SOURCE / ECONOMY
Fed's 75 bps rate hike intensifies market fear of US recession
Move affects global markets, but impact on China milder: expert
Published: Jul 28, 2022 07:40 PM
Photo taken on Jan. 25, 2022 shows the US Federal Reserve in Washington, D.C., the United States. Photo:Xinhua

Photo taken on Jan. 25, 2022 shows the US Federal Reserve in Washington, D.C., the United States. Photo:Xinhua

The US Federal Reserve on Wednesday US time moved to raise interest rates by a larger-than-usual 75 basis points (bps), making clear its intention to rein in runaway inflation, while intensifying market fear of a looming US recession that could have serious global implications.

The Fed's move may not only accelerate the start of a US recession but may also fail to tame soaring consumer prices, Chinese economists said on Thursday, predicting a US recession may be inevitable. In the short term, the rate hike may further exacerbate capital outflows in emerging market economies, but the impact on China will be limited, experts said.   

The Fed's rate hike on Wednesday matched the magnitude of its June hike - the largest single-meeting rate rise since the early 1990s. The Fed raised rates by 25 bps in March and 50 bps in May. 

The Fed's move, which was largely in line with market expectations, came about two weeks after US government data showed price growth accelerating again last month. The Consumer Price Index, a closely watched inflation metric, soared 9.1 percent in June, marking the fastest pace since November 1981. 

"Inflation remains elevated, reflecting supply and demand imbalances related to the pandemic, higher food and energy prices, and broader price pressures," the Fed said in a statement after a two-day policy meeting, adding that it is "highly attentive to inflation risks." 

According to Hu Qimu, chief research fellow at the Sinosteel Economic Research Institute, the US is already on a cusp of a technical recession, which is often characterized as two consecutive quarters of GDP contraction, and it's on the way to a formal recession that could last six months to one year. 

The US economy shrank at an annual rate of 0.9 percent in the second quarter after a 1.6-percent contraction in the previous quarter, the US Commerce Department reported Thursday.

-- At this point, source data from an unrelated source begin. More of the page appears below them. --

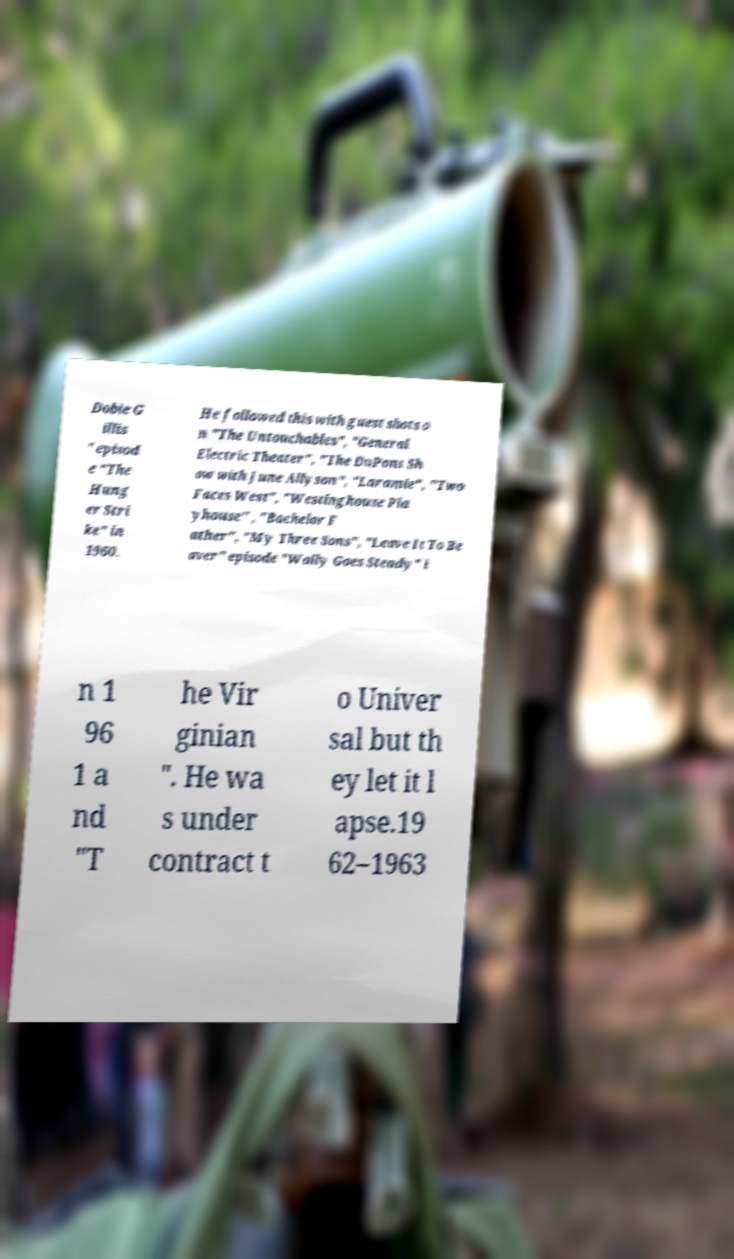For documentation purposes, I need the text within this image transcribed. Could you provide that? Dobie G illis " episod e "The Hung er Stri ke" in 1960. He followed this with guest shots o n "The Untouchables", "General Electric Theater", "The DuPont Sh ow with June Allyson", "Laramie", "Two Faces West", "Westinghouse Pla yhouse" , "Bachelor F ather", "My Three Sons", "Leave It To Be aver" episode "Wally Goes Steady" i n 1 96 1 a nd "T he Vir ginian ". He wa s under contract t o Univer sal but th ey let it l apse.19 62–1963 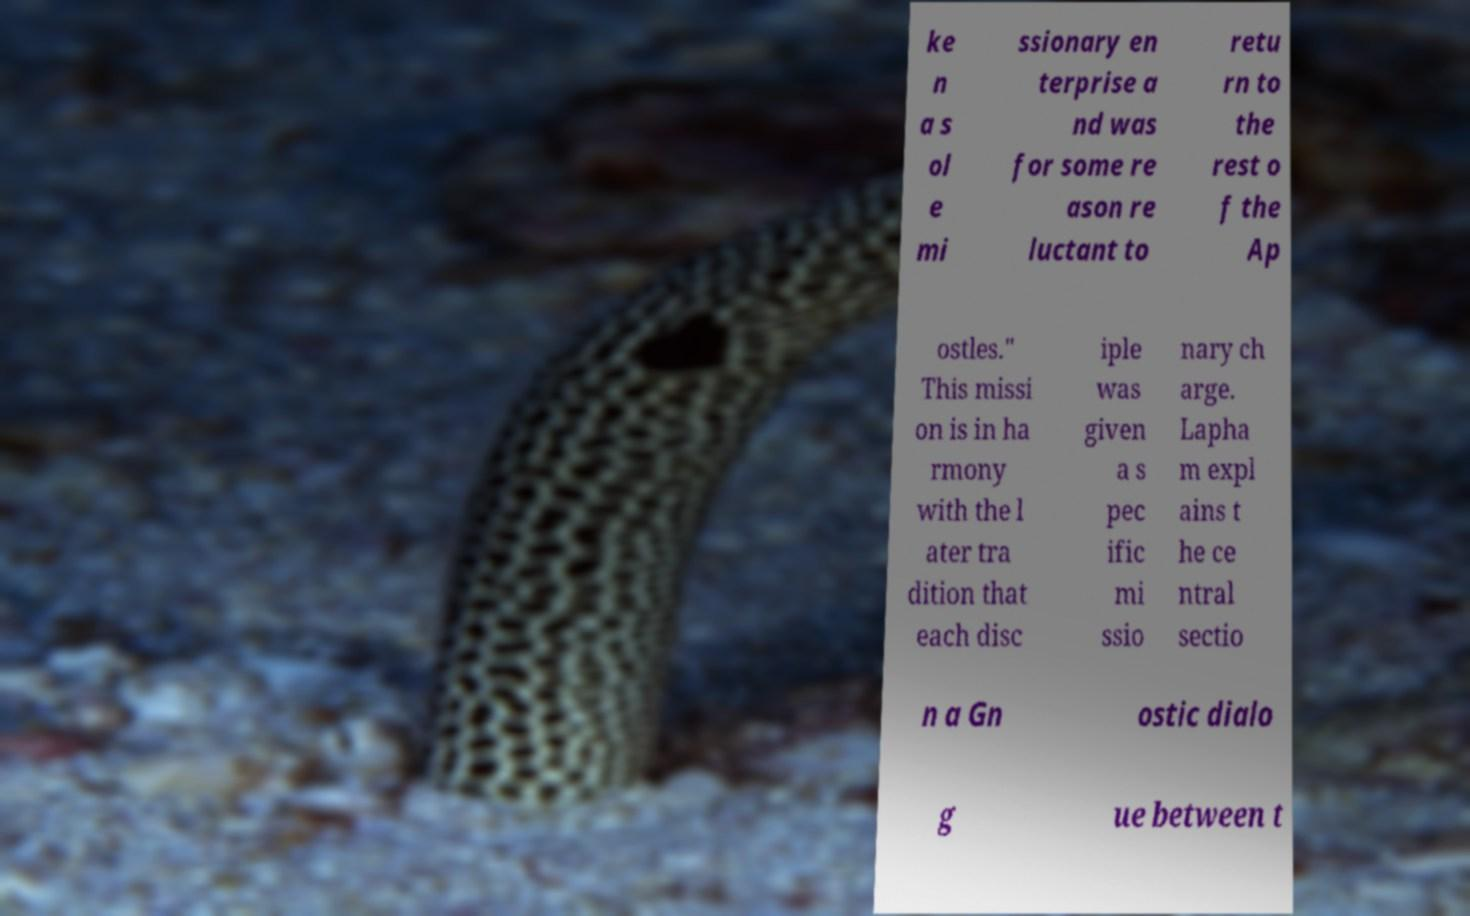There's text embedded in this image that I need extracted. Can you transcribe it verbatim? ke n a s ol e mi ssionary en terprise a nd was for some re ason re luctant to retu rn to the rest o f the Ap ostles." This missi on is in ha rmony with the l ater tra dition that each disc iple was given a s pec ific mi ssio nary ch arge. Lapha m expl ains t he ce ntral sectio n a Gn ostic dialo g ue between t 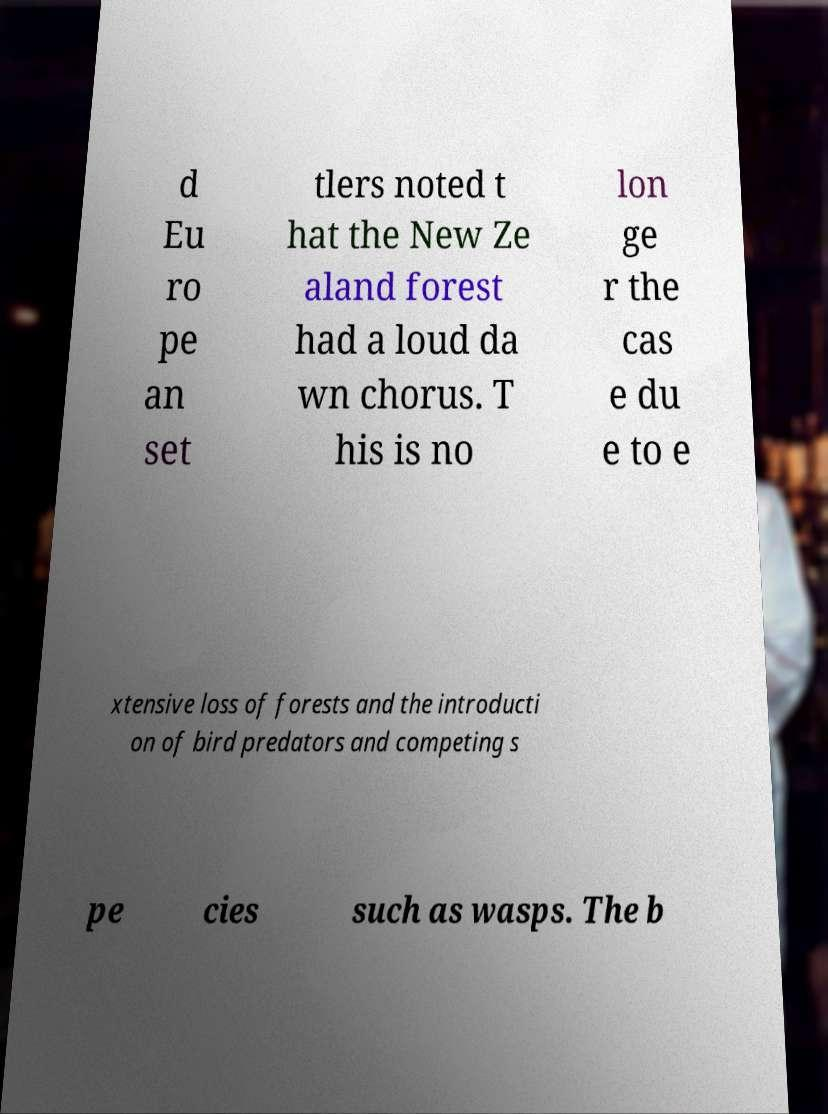Could you assist in decoding the text presented in this image and type it out clearly? d Eu ro pe an set tlers noted t hat the New Ze aland forest had a loud da wn chorus. T his is no lon ge r the cas e du e to e xtensive loss of forests and the introducti on of bird predators and competing s pe cies such as wasps. The b

"A US recession is almost inevitable due to its economic structural vulnerabilities, since a long-term hollowing out of US manufacturing and increasing protectionism cannot support its sustainable economic growth," Dong Shaopeng, an expert advisor at the China Securities Regulatory Commission, told the Global Times on Thursday.

Wan Zhe, an economist and professor at the Belt and Road School of Beijing Normal University, also predicted a formal US economic recession in 2023 after a technical recession in the near future. 

Experts also warned that interest rate hikes might not be as effective in curbing inflation as officials had thought, as the primary factors that drove this round of price hikes have not been removed.

The Fed's interest rate increases should alleviate inflation, but only to some extent, as it is rooted in geopolitical conflicts, Dong Dengxin, director of the Finance and Securities Institute of the Wuhan University of Science and Technology, told the Global Times on Thursday.

"The Fed's interest rate hikes can't fundamentally solve inflation, because the main cause at present is energy shortages amid the conflict between Russia and Ukraine, worsened by the US' crackdown on China, the world's largest manufacturing country with additional tariffs on Chinese imports," Dong said.

According to Dong, how long US inflation lasts depends on how radical the Fed's rate hikes are, and whether the US will correct its decoupling from China.

Experts said the rate hikes will have a negative impact on global markets, such as affecting US imports as a result of economic cooling. They will also compress the policy space for global central banks, as rising interest rates for the US dollar will trigger capital outflows to the US. 

But Hu stressed that the impact would be milder on China than on most markets, as the yuan's strengthening would attract more long-term investors, offsetting short-term capital outflows. 

Chinese stock markets were relatively stable after news of the Fed hike. The benchmark Shanghai Composite Index rose by 0.21 percent, while the smaller Shenzhen index edged up by 0.23 percent. The Hang Seng Index was down 0.23 percent. 

"Having conditioned market expectations to anticipate 'jumbo' hikes of 75bps, the Fed delivered on its promise. In doing so, it fulfilled market expectations and spurred a relief rally in risk assets," Aninda Mitra, head of Asia macro and investment strategy of BNY Mellon Investment Management, told the Global Times on Thursday via a written statement. 

In a press conference Wednesday afternoon, Fed Chairman Jerome Powell left the door open for another "unusually large increase" at its next meeting in September, but noted that would depend on upcoming economic data.